Innovation in areas such as speech output and display is significant to both the user and the clinician. Enhanced output features open the user to increased participation in outdoor activities, in social settings, in the classroom, on the job, and overall in societal interactions. With improvements, clinicians will be able to recommend more suitable options for each client and may find it easier and less time consuming to adapt the system to meet the user's preferences and needs.

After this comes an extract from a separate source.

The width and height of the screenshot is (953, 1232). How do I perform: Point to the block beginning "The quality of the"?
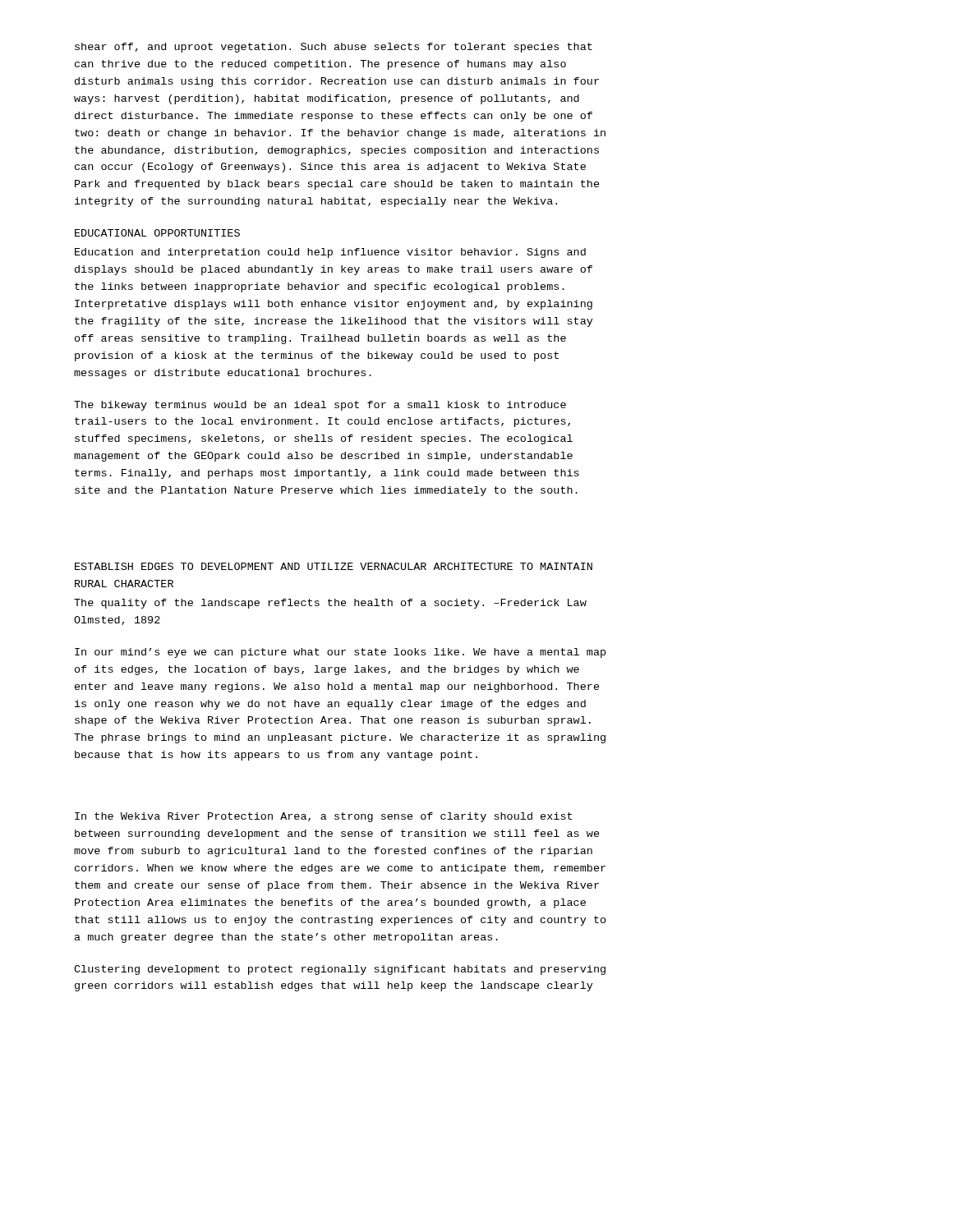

The ability to express one's needs and desires is of utmost importance in leading a full and independent lifestyle. Augmentative communication devices should allow users to communicate clearly (e.g. choice of words, good voice quality), efficiently (e.g. easy and intuitive item selection, good communication rate) and effectively (e.g. get their point across, accomplish communication and interpersonal goals). Current systems sound somewhat unnatural, with reduced intelligibility, inappropriate prosody (i.e. varied intonation, stress and rhythm), and inadequate expressiveness (i.e. emotion, tone and feeling). [1] The listener's ability to understand speech depends upon the choice of words, phrases, intonation, and inflection as well as the overall communicative (topic, prior information) and environmental (place, activity) context. [1,2]

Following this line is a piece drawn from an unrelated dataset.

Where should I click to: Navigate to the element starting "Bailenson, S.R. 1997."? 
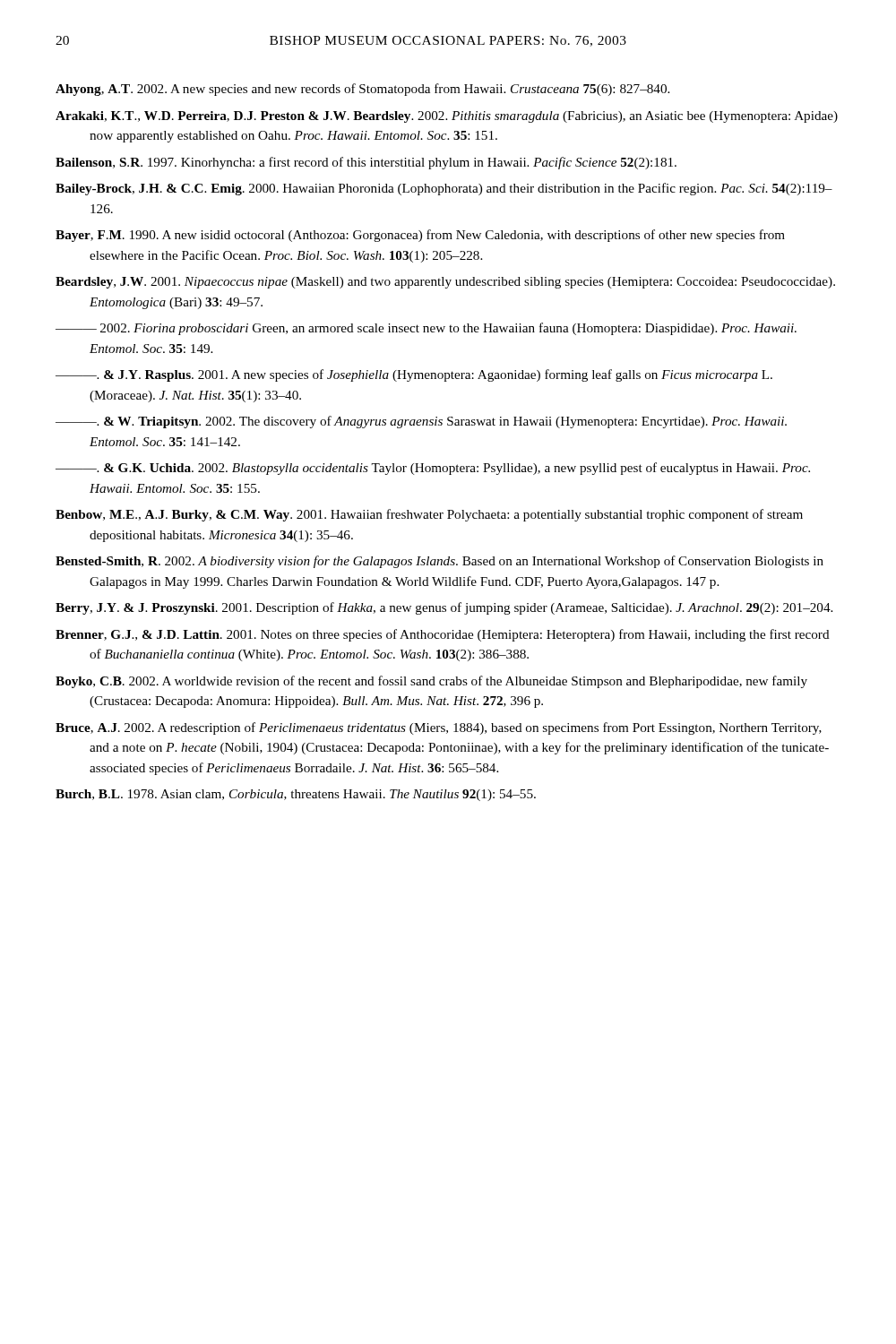coord(366,161)

Specific needs include the ability to create highly intelligible, eloquent speech with natural intonation and voice personalization - at an acceptable and effective communication rate. The user should be able to easily customize voices to sound young or old, high-pitched or low-pitched, hoarse or smooth, excited or bored, or even whispered. The communicator should be able to inflect their voice (sounding urgent, sarcastic, or serious), vary intonation (pitch, loudness, and volume) with voice quality that reflects their age, gender and personal preference. Temporal control of speech output is desirable in accounting for the temporal demands of different contexts and during communicative interactions. Communicators should be able to direct their speech to specific listeners and make it unavailable to others. [3] Improving AAC voice output capabilities will significantly improve the clarity, quality, and rate of communication; social interaction; confidence and user safety.

Communication context includes the speaker's words and phrases, the environment (time, place), the activity (work, play) and the words and phrases spoken by the communication partner (the "interlocutor"). AAC devices that are capable of utilizing contextual information should have improved communication efficiency, clarity and literacy (e.g. a more appropriate word may be chosen for the utterance).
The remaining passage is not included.